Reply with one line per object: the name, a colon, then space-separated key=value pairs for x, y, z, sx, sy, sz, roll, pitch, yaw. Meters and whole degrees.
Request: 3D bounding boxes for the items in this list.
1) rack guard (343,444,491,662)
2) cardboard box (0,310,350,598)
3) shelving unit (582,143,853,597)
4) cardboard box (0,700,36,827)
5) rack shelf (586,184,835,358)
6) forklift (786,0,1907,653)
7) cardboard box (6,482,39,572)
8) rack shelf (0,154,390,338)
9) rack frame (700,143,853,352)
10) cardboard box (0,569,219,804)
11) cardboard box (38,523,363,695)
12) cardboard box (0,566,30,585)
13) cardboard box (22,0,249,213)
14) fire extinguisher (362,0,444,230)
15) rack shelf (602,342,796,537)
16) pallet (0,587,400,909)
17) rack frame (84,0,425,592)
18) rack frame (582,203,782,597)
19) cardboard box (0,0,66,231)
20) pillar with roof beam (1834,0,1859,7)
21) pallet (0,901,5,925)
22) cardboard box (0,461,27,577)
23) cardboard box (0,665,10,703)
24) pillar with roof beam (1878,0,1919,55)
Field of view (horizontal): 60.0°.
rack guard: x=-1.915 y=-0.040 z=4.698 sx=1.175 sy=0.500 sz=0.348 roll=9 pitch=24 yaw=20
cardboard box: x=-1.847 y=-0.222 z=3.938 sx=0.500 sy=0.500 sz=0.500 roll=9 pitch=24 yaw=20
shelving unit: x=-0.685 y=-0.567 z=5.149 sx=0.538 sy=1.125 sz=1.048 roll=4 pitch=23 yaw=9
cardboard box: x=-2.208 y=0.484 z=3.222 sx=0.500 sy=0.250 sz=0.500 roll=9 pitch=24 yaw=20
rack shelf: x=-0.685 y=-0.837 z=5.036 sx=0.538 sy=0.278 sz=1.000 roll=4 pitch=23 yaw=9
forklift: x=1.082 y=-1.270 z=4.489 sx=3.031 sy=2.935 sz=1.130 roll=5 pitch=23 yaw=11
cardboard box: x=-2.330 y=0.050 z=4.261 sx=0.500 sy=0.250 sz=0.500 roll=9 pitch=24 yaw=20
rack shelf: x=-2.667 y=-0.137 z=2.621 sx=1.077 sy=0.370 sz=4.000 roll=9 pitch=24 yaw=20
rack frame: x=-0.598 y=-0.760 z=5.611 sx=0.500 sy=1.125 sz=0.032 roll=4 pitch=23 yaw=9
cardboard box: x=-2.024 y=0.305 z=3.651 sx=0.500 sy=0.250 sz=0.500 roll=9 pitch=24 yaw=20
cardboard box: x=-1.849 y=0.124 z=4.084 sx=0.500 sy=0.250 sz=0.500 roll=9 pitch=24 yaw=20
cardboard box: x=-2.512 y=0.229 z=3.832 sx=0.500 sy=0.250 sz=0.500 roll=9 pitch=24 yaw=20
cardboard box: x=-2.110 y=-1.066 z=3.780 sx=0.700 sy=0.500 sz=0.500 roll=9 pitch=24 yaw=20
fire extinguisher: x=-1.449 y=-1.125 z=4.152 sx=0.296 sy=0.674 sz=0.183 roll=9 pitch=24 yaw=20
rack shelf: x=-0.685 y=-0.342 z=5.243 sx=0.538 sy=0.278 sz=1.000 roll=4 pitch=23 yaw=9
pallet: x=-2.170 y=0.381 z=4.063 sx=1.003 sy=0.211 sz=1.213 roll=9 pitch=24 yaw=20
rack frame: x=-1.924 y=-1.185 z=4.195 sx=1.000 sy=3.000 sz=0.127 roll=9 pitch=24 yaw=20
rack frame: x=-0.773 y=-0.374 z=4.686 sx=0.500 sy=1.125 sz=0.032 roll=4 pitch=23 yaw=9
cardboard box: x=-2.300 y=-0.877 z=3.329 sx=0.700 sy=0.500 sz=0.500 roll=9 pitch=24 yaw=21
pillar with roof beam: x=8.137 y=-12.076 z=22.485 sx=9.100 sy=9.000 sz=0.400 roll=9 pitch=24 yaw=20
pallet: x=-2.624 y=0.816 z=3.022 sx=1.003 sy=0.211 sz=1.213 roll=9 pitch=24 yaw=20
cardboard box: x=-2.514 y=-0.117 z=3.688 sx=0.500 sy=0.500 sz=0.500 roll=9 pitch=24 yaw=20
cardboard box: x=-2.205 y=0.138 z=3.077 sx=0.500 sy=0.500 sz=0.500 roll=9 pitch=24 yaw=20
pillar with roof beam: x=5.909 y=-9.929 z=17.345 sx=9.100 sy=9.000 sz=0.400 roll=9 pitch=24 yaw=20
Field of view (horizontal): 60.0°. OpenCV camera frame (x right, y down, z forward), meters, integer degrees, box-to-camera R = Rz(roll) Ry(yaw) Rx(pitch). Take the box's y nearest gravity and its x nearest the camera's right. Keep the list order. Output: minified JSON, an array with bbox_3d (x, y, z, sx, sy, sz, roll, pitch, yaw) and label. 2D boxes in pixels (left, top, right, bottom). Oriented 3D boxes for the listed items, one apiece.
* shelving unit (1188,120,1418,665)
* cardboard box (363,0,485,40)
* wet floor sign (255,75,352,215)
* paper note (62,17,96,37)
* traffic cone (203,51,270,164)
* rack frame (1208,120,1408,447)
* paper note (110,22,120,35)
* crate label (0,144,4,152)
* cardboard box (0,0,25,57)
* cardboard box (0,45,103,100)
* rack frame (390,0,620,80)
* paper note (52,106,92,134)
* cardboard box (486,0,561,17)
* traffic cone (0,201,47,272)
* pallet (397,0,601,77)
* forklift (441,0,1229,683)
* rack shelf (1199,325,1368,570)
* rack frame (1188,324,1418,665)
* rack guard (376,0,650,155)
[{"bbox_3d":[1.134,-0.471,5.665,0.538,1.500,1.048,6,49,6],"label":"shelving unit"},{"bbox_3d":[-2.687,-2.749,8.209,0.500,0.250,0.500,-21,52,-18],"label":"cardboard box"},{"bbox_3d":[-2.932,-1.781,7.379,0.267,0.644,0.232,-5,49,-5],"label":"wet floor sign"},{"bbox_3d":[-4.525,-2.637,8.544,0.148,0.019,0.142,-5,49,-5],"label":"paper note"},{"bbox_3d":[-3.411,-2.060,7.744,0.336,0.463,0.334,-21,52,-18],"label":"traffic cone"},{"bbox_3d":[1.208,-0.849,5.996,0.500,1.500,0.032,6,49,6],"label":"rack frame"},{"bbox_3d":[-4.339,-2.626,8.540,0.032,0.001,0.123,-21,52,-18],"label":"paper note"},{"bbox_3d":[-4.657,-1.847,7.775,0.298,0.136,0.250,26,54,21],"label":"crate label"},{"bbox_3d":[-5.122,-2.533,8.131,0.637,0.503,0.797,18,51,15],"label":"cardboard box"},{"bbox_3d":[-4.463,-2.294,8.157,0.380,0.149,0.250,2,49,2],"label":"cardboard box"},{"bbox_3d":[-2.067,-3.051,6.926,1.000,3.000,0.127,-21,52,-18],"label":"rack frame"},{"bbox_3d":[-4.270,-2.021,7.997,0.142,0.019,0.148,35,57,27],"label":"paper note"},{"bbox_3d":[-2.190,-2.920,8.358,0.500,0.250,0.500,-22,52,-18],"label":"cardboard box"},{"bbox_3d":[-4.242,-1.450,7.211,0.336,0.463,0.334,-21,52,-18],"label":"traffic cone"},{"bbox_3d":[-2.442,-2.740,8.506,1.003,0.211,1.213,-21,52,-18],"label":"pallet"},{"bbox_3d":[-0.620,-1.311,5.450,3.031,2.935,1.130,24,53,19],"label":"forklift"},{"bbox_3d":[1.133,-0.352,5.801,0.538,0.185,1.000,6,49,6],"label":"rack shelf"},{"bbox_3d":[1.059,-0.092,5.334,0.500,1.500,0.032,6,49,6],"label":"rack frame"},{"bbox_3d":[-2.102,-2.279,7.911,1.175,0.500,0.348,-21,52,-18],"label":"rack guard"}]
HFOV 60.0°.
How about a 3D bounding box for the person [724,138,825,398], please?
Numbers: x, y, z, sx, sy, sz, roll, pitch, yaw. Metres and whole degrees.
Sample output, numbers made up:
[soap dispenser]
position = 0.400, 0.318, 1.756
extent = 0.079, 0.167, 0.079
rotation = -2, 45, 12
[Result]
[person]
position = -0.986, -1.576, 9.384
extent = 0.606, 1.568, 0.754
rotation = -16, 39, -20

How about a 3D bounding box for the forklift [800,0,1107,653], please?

━━━━

= EXERCISE REQUIREMENTS =
Take the lines above from the one containing "rack shelf (1199,325,1368,570)" to the one containing "rack frame (1188,324,1418,665)" and retype them exactly, both ends included, with nothing added.

= EXPECTED ANSWER =
* rack shelf (1199,325,1368,570)
* rack frame (1188,324,1418,665)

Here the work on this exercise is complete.